Information shown:
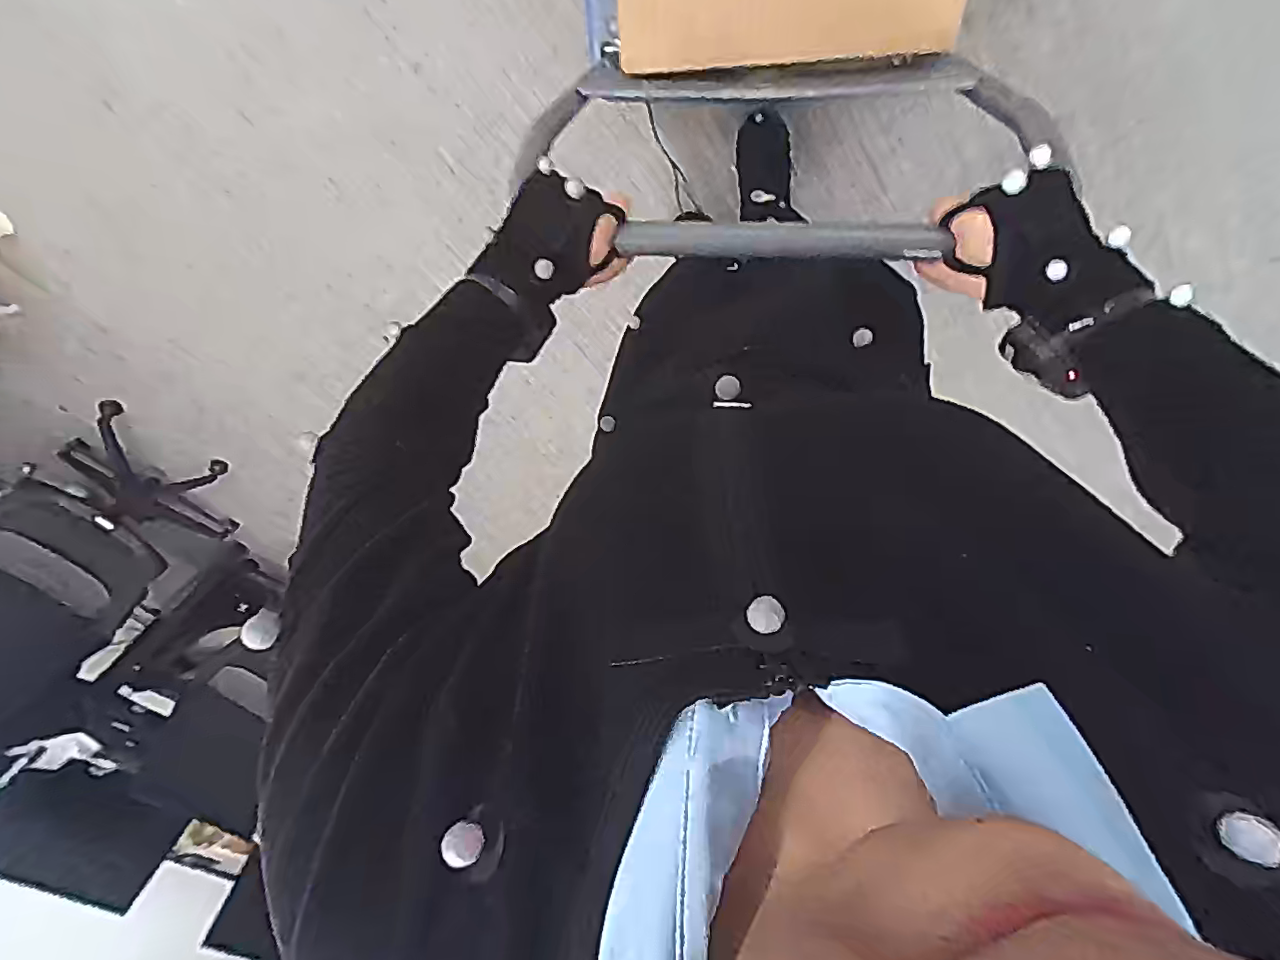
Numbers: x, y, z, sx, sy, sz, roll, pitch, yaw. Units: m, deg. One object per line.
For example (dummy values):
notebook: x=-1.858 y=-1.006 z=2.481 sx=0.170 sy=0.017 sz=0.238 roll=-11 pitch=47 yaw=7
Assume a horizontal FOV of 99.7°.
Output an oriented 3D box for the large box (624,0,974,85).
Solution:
large box: x=0.186 y=-0.717 z=0.676 sx=0.408 sy=0.320 sz=0.320 roll=1 pitch=132 yaw=8

About this exercise: Find the line containing "For example (dummy" in the data above. Please transcribe it and every line after it, exactly.

Answer to this task:
For example (dummy values):
notebook: x=-1.858 y=-1.006 z=2.481 sx=0.170 sy=0.017 sz=0.238 roll=-11 pitch=47 yaw=7
Assume a horizontal FOV of 99.7°.
Output an oriented 3D box for the large box (624,0,974,85).
Solution:
large box: x=0.186 y=-0.717 z=0.676 sx=0.408 sy=0.320 sz=0.320 roll=1 pitch=132 yaw=8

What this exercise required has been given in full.